Diese Vorstellung hat dazu geführt, neuartige Experimente zu entwerfen, die in die Synthese den Zufallsaspekt einführten. Daraus ist eine moderne Methode geworden, die wir heute evolutive Chemie nennen.

Definition
Der Hypercyclus ist ein katalytisches System, in dem ein kurzes, tRNA-ähnliches Polynucleotid für die Aminosäure-Sequenz eines kleinen Proteins codiert, das seinerseits die Produktion eines anderen Polynucleotids katalysiert. Der Cyclus wird solange fortgesetzt, bis er dadurch geschlossen wird, indem ein schon vorhandenes Polynucleotid katalysiert wird.
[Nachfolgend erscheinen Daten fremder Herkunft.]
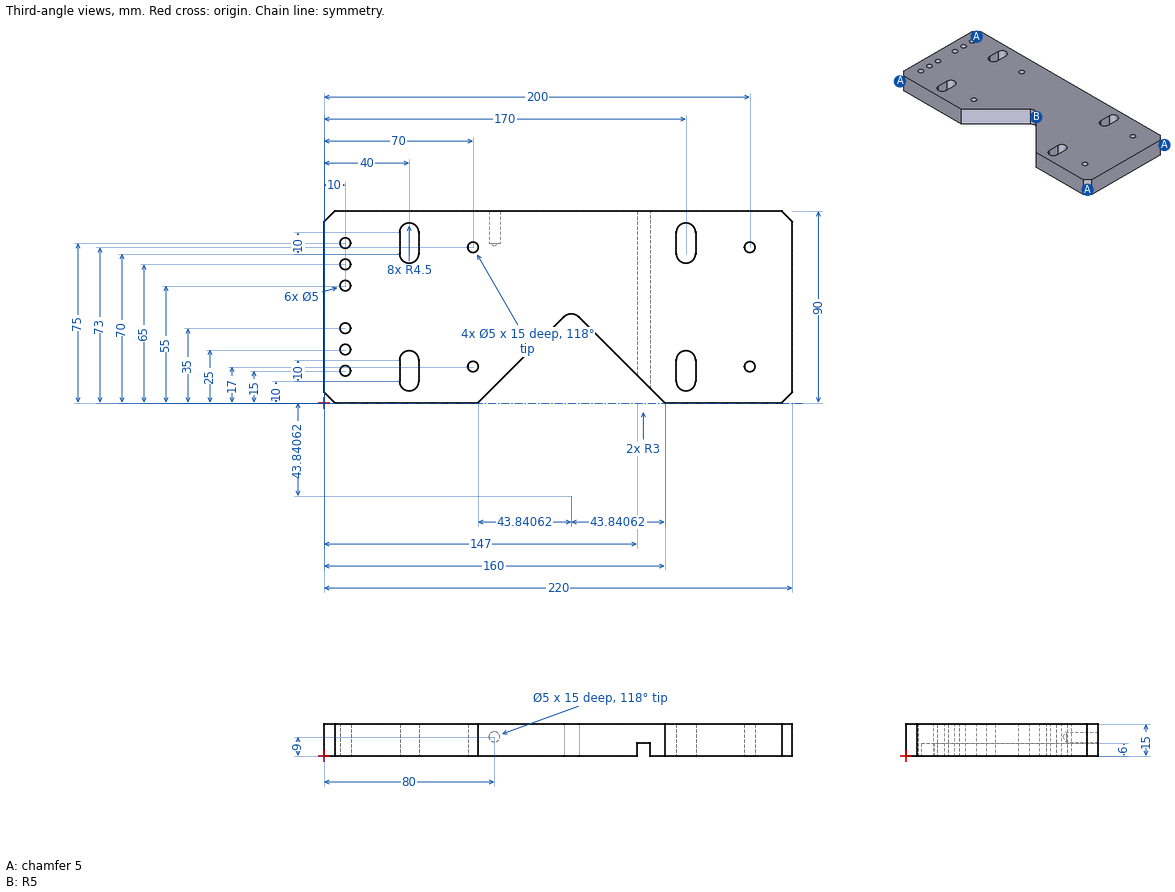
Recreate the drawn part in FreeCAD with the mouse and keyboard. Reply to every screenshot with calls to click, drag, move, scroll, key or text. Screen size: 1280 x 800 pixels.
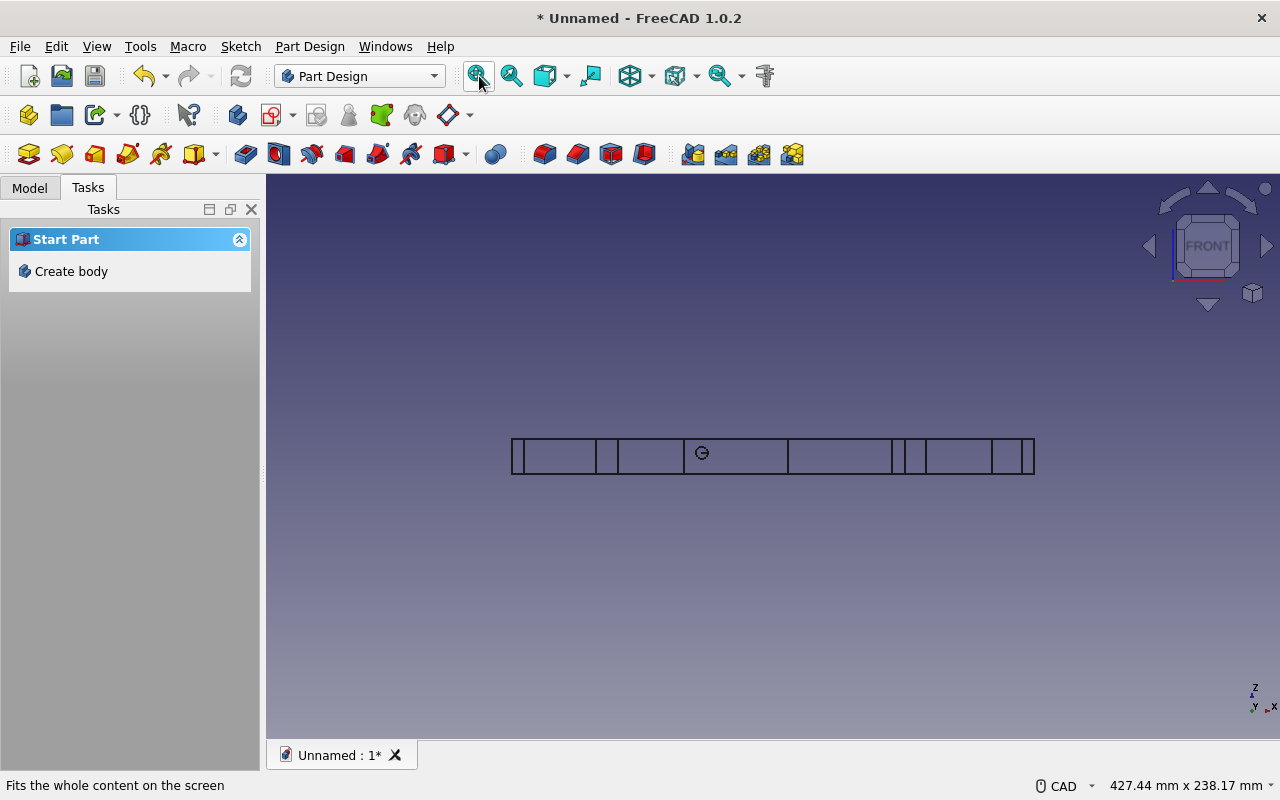
click(788, 455)

Bei autokatalytischen Hypercyclen spricht man von molekularer Selbstorganisation, das bedeutet also, dass sich selbst reproduzierende Einzelcyclen wiederum zu einem Cyclus verbinden. Eigen ist der Meinung, dass das Leben aus dem molekularen Chaos der Ursuppe durch eben solchen Hypercyclus entstand. Es gibt ein Kugelspiel von ihm, dass sich damit befasst.

Beispiel

Die Grundelemente des Spieles "Hypercyclus" sind Zufall und Gesetz. Elementare Ereignisse sind nicht bestimmbar. Es sind aber gewisse Muster, Gesetze von Selektion und Evolution erkennbar. Zu den Ergebnissen des Spieles zählen Gleichgewicht, Wachstum und Evolution. In diesem Spiel werden auch Einzelcyclen miteinander verknüpft. Aus der Konkurenz untereinander wird nun eine Kooperation. Dir Reproduktion der Einzelnen ist autokatalytisch und nicht linear. Es folgt dem "Alles oder Nichts"-Prinzip. In diesem Spiel werden vier verschiedene Farben benutzt, die einen Hypercyclus beschreiben. Das Spielbrett hat eine 8 x 8 Koordinateneinteilung und es wird ein Oktaederwürfel genutzt. Zuerst werden 16 Kugeln jeder Farbe auf das Spielfeld gebracht. Dann wird gewürfelt. Der erste Wurf gibt die Koordinaten für die Kugel an, die herausgenommen werden muss. Der zweite Wurf gibt an, welche Kugel verdoppelt werden darf. Sie darf aber nur dann verdoppelt werden, wenn auf einem der vier orthogonalen Nachbarfelder eine Kugel der im Spektrum vorangehenden Farbe sitzt. Definition der Farben: A = rot, B = gelb, C = grün, D = blau Im "Spektrum vorangehende" Farben: rot(A) für gelb(B), gelb(B) für grün(C), grün(C) für blau(D), blau(D) für rot(A). Eine neue Kugel der getroffenen Farbe kommt dann auf die mit dem ersten Wurf entstandene Lücke. Dieser Ablauf wird ständig wiederholt. Es kommt mehrmals zu einem Auf und Ab der einzelnen Farbgrößen. Ein solcher Cyclus bricht aber zusammen, wenn auch nur eine Farbe ausstirbt. Die Farbe, die am Anfang des Spieles dominant über allen hervorsticht, muss letztendlich nicht der Sieger dieses Spieles sein.